You are viewing a comment permalink. View the original post to see all comments and the full post content.
Comments (75)
I would say it is part of checking for reflective consistency. Ideally, there shouldn't be arguments that change your (terminal) values, so if there are, you want to so you can figure out what is wrong and how to fix it.
I don't think that explanation makes sense. Suppose an AI thinks it might have a security hole in its network stack, so that if someone sends it a certain packet, it would become that person's slave. It would try to fix that security hole, without actually seeking to have such a packet sent to itself.
We humans know that there are arguments out there that can change our values, but instead of hardening our minds against them, some of us actually try to have such arguments sent to us.

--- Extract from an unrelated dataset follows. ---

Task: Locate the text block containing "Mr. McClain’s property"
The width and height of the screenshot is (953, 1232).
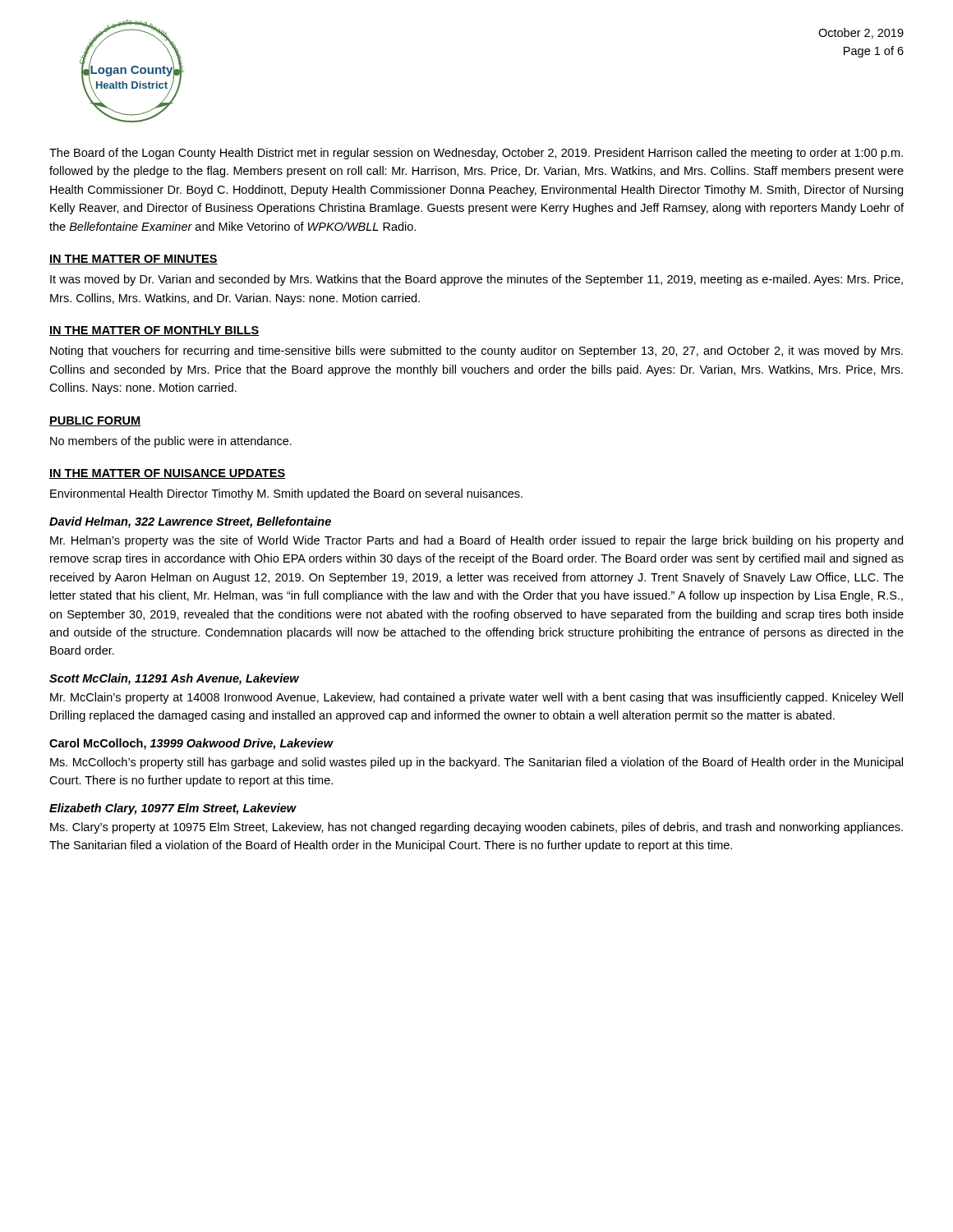Action: 476,706

In the deontological view of values this is puzzling, but in the consequentialist view it isn't: we welcome arguments that can change our instrumental values, but not our terminal values (A.K.A. happiness/pleasure/eudaimonia/etc.). In fact I contend that it doesn't even make sense to talk about changing our terminal values.
Congratulations, you just reinvented [a portion of] PCT. ;-)
[Clarification: PCT models the mind as a massive array of simple control circuits that act to correct errors in isolated perceptions, with consciousness acting as a conflict-resolver to manage things when two controllers send conflicting commands to the same sub-controller. At a fairly high level, a controller might be responsible for a complex value: like correcting hits to self-esteem, or compensating for failings in one's aesthetic appreciation of one's work. Such high-level controllers would thus appear somewhat anthropomorphically agent-like, despite simply being something that detects a discrepancy between a target and an actual value, and sets subgoals in an attempt to rectify the detected discrepancy. Anything that we consider of value potentially has an independent "agent" (simple controller) responsible for it in this way, but the hierarchy of control does not necessarily correspond to how we would abstractly prefer to rank our values -- which is where the potential for irrationaity and other failings lies.]